По внутреннему душевному расположению, я постоянно старался
усвоить хорошую, а не дурную сторону жизни. Хорошие примеры во мне возбуждали
желание также сделаться хорошим. Кроме страха взыскания человеческого за
проступки и грехи свои, постоянно я боялся кары небесной. При строгости наблюдения
за собой, я на опыте убедился, что всякое дурное дело тяжело отзывалось на душе
моей. После искренней молитвы, Богу приносимой, и после всякого доброго дела,
на сердце и душе ложился ка-кой-то отпечаток тихого, внутреннего спокойствия.
Без фатализма верую, что Бог существует, верую в будущую
жизнь, верую, что добрые дела награждаются, а дурные наказуются, верую,
наконец, что православная христианская религия, при чистоте ее учения, ведет
каждого истинно верующего к лучшей на земле жизни и к спасению души в будущей.

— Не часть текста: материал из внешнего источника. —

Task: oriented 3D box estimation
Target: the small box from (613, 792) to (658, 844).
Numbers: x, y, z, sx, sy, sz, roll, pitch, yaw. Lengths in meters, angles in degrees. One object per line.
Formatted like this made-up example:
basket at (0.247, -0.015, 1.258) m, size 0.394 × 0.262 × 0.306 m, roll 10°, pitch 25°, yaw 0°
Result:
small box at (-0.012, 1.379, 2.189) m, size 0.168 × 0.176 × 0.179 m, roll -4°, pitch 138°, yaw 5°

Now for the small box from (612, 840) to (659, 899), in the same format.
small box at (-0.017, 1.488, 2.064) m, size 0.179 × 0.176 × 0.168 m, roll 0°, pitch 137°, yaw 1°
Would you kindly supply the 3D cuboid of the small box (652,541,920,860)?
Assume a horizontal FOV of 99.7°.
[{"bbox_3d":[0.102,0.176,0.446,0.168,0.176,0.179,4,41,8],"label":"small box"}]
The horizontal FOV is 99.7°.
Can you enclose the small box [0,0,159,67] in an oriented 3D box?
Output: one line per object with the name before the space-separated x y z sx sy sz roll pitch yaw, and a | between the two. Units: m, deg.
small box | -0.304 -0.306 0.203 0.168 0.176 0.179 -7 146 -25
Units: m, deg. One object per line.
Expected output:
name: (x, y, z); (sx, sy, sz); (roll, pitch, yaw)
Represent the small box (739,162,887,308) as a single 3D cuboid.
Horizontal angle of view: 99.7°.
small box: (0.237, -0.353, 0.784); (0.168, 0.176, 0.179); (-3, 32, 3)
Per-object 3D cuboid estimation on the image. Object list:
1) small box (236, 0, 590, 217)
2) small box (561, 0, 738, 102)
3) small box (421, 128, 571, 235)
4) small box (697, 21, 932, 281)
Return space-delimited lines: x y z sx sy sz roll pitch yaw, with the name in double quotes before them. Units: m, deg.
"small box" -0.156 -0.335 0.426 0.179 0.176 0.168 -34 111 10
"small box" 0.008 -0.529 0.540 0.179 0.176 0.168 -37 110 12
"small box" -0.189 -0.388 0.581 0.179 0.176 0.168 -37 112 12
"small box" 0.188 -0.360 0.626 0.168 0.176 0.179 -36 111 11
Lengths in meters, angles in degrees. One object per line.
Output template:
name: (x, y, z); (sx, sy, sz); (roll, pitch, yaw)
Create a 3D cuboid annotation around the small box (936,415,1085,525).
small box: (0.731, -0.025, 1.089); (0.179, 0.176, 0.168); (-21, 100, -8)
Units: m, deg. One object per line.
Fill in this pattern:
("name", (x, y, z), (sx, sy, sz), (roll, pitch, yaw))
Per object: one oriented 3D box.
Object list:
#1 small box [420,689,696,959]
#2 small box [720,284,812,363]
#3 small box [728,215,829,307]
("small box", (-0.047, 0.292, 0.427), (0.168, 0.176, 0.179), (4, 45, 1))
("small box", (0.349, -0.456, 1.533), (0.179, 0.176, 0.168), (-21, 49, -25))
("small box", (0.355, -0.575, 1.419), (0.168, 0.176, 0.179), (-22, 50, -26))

При таких убеждениях долгая моя жизнь текла, поучая меня на
каждом шагу. Всю жизнь я учился и теперь учиться не перестаю, хоть одною ногою
готовлюсь ступить в могилу. Такое-то непрерывное учение повело меня и к тому,
чтоб попробовать силы свои и на литературном поприще.
(Григорий Николаевич Александров умер летом 1881 года,
состоя на службе в московском лефортовском дворце начальником военного архива).